Pedestrian Trajectory Prediction and Mobile Robot Navigation Based on Inverse Dynamic Games
With the development of relevant techniques in robotics and the maturity of application solutions, mobile robots are capable of working in more complicated scenarios and their application fields are enormously expanded. Service mobile robots tend to navigate in human-rich environments. Comparing with static obstacles, pedestrians are highly dynamic and tend to disturb the navigation of mobile robots. Navigating among pedestrians is thus challenging to mobile robots.
To tackle the inaccuracy of modelling pedestrian behaviors due to their high dynamic and randomness, we proposed an inverse dynamic game method based on model predictive control (MPC-GPred) to model pedestrians’ individual and group behavior.

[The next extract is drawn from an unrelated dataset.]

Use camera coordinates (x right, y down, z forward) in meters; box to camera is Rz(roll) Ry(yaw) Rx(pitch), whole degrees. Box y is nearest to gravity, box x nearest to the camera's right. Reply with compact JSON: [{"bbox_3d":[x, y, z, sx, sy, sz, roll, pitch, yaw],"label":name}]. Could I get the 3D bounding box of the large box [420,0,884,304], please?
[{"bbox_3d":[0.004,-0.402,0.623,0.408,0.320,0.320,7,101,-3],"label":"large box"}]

For the high time complexity of solving for pedestrians’ trajectories caused by the nonlinear cost function, we did linear quadratic approximation and analytically solve for Nash strategy as pedestrian trajectory prediction. To achieve best prediction performance, we apply inverse dynamic game technique to identify weighting parameters according to trajectory observations. We tested our method with open-source algorithms RVO and CADRL on prediction performance and results indicate the effectiveness of our method.

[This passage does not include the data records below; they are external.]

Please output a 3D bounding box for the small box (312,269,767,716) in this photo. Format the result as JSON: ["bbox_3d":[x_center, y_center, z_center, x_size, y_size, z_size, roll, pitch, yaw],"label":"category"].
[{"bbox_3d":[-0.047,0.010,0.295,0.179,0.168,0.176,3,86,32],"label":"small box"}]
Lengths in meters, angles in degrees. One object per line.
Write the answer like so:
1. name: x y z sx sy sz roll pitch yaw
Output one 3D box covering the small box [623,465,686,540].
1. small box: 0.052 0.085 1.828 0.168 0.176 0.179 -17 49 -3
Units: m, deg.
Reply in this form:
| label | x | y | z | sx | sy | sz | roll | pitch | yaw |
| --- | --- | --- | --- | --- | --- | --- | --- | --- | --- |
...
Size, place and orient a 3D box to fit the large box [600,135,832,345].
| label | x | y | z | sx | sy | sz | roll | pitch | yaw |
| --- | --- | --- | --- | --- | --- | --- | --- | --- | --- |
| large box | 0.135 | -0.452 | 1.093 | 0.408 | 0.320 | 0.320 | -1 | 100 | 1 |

In practical navigation tasks, to tackle the inaccuracy of modelling pedestrian behaviors due to interactions between pedestrians and robots, we proposed a dynamic game navigation method based on model predictive control (MPC-GNav) for mobile robots. we add the mobile robot as the new agent in dynamic games and solve for Nash strategy as the control for mobile robots. Consider the difference of dynamic model between mobile robots and the dynamic game model, we applied feedback linearization to achieve the control of robot platforms. To tackle the problem of incapability of control mobile robots in large scenarios, we proposed a layered planning method to obtain local goals. Mobile robots complete the entire navigation tasks by navigating to each local We compared our method with open-source algorithms RVO and CADRL in simulated scenarios and results indicate the effectiveness of our method in collision avoidance.
We implemented MPC-GNav on “Jiao Long” smart wheelchair in pedestrian-rich scenarios such as corridors and halls and did navigation experiments among pedestrians and compared the results with open-source method DWA. Results indicate the effectiveness of our method in improving navigation safeness.